Запас сырья уже кончился, – продолжал немец. – Последние сосуды с этой адской смесью отнесли на стены и на корабли. Я знаю часть ингредиентов, но не все, и мне неизвестно, как их нужно смешивать. Самое удивительное, что этот огонь сам вспыхивает, как только смесь выплескивается наружу. Но это происходит не под воздействием воздуха, поскольку в сосудах, которыми обстреливают врагов катапульты, есть специальные запалы, поджигающие смесь. В ней должно содержаться много нефти, раз она плывет по воде – и вода ее не гасит. Это пламя можно сбить только песком и уксусом. Венецианские моряки утверждают, что в случае необходимости маленькие капли этой смеси можно залить мочой. Те старцы – последние люди, владеющие этой тайной, которая в течение тысячи лет передается по наследству от отца к сыну. Никому никогда не разрешалось записать ее, и раньше всем, кто работал в подземельях арсенала, отрезали языки. Если турки завтра возьмут город, то стража арсенала получит последний приказ – убить стариков, чтобы они унесли эту тайну с собой в могилу. Потому им и позволили сегодня пойти в храм – впервые за несколько десятилетий.
Грант пожал плечами и вздохнул:
– Много секретов умрет вместе с этим городом… Много бесценных научных познаний… И все это обратится в прах. Иоанн Ангел, нет ничего более омерзительного, чем война. Я говорю это сейчас, после того, как уничтожил девятнадцать турецких подкопов и употребил все свое искусство, чтобы помочь императорским мастерам придумывать механизмы для убийства турок.
– Не будем терять надежды, – пробормотал я, хотя отлично знал: надеяться нам уже не на что.
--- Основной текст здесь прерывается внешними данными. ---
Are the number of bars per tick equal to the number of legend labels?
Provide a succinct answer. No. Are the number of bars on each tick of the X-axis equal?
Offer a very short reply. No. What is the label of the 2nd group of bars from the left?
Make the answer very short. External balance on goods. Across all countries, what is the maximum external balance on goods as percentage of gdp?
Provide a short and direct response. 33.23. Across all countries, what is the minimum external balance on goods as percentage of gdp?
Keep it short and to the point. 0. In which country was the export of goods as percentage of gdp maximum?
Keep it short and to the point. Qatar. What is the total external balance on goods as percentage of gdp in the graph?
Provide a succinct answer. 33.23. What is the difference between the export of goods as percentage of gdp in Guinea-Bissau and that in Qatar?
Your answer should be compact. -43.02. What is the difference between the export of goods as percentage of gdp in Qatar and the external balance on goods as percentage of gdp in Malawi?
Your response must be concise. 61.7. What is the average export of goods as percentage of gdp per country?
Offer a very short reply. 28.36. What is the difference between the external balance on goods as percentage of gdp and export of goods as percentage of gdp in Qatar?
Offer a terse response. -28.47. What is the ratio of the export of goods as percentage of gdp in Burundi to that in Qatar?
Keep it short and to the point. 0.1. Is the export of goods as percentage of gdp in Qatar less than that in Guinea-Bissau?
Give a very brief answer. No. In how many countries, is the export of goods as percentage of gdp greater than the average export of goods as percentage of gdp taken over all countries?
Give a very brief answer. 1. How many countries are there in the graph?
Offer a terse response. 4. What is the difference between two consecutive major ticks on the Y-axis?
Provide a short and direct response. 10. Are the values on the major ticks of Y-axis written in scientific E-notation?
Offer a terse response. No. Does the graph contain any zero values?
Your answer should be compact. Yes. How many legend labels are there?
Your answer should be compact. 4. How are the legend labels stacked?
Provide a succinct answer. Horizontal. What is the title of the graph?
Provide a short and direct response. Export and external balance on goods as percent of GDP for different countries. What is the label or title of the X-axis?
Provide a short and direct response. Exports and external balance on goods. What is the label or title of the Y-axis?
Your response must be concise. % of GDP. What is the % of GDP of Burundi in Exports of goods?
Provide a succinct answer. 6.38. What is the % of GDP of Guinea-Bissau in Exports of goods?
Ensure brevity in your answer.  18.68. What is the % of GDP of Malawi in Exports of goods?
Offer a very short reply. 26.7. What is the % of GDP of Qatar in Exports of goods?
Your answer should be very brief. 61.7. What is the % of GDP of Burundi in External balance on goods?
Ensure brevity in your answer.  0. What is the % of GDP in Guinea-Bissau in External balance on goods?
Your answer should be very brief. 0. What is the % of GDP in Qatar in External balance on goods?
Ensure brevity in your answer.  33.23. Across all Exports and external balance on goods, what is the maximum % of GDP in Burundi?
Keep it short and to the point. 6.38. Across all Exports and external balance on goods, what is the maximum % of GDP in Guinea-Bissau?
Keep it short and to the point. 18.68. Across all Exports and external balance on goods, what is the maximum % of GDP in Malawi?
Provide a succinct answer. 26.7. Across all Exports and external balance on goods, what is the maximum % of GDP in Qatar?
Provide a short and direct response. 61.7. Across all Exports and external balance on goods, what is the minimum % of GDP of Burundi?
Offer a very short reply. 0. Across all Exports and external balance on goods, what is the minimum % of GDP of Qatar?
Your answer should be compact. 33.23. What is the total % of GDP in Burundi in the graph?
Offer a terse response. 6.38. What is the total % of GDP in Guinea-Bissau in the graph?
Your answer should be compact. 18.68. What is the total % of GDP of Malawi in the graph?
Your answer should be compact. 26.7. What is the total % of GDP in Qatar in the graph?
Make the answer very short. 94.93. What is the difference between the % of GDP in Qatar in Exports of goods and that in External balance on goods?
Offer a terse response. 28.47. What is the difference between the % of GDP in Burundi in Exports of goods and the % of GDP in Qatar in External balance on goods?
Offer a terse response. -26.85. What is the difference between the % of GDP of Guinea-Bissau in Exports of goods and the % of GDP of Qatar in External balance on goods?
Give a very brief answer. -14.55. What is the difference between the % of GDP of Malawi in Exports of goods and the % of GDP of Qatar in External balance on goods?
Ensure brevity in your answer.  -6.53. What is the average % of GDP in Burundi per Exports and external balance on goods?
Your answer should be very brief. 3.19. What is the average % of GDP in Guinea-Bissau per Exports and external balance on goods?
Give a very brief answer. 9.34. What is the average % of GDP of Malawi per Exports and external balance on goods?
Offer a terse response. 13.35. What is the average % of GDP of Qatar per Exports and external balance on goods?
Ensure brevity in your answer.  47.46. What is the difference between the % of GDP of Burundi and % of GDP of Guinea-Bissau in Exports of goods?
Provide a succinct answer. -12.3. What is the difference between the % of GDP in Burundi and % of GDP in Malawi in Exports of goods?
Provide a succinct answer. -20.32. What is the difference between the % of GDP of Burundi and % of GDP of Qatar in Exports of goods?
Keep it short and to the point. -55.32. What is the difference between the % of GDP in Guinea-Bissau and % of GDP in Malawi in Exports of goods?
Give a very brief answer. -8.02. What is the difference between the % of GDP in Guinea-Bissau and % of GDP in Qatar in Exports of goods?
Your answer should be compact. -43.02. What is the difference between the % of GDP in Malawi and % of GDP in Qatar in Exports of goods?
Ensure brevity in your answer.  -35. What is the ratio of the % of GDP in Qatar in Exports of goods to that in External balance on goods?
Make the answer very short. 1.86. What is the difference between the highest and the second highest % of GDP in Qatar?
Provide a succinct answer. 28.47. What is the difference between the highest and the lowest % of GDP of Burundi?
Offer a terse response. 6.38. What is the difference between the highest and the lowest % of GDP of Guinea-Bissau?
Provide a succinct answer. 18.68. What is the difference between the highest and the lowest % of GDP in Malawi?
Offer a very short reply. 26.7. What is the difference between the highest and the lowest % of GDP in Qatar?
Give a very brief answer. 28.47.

Немец сплюнул и проговорил с горечью:
– Моя единственная надежда – это место на венецианском корабле, в том случае, если мне в последний момент удастся добраться до порта. Других надежд у меня нет. – Грант тихо рассмеялся, нахмурил почерневший лоб и добавил: – Если бы я был более решительным человеком, то сразу после падения города кинулся бы с мечом в руке в библиотеку, очистил бы ее от рукописей, которые мне хочется иметь, и взял бы их с собой на судно. Но ничего такого я не сделаю, ибо я – немец и воспитан в уважении к закону и порядку. Если бы я был итальянцем, то, может, и сумел бы так поступить, поскольку итальянцы свободнее и разумнее нас, жителей севера. И потому я презираю самого себя.
Я сказал:
– Мне жаль тебя, Иоганн Грант. Твоя сумасшедшая страсть извела тебя. Неужели даже святой молебен не смог сегодня вечером внести успокоения в твою смятенную душу?
– Нет, – ответил немец. – Ничто, кроме познания, не может успокоить моей души. Лишь в науке человек обретает свободу.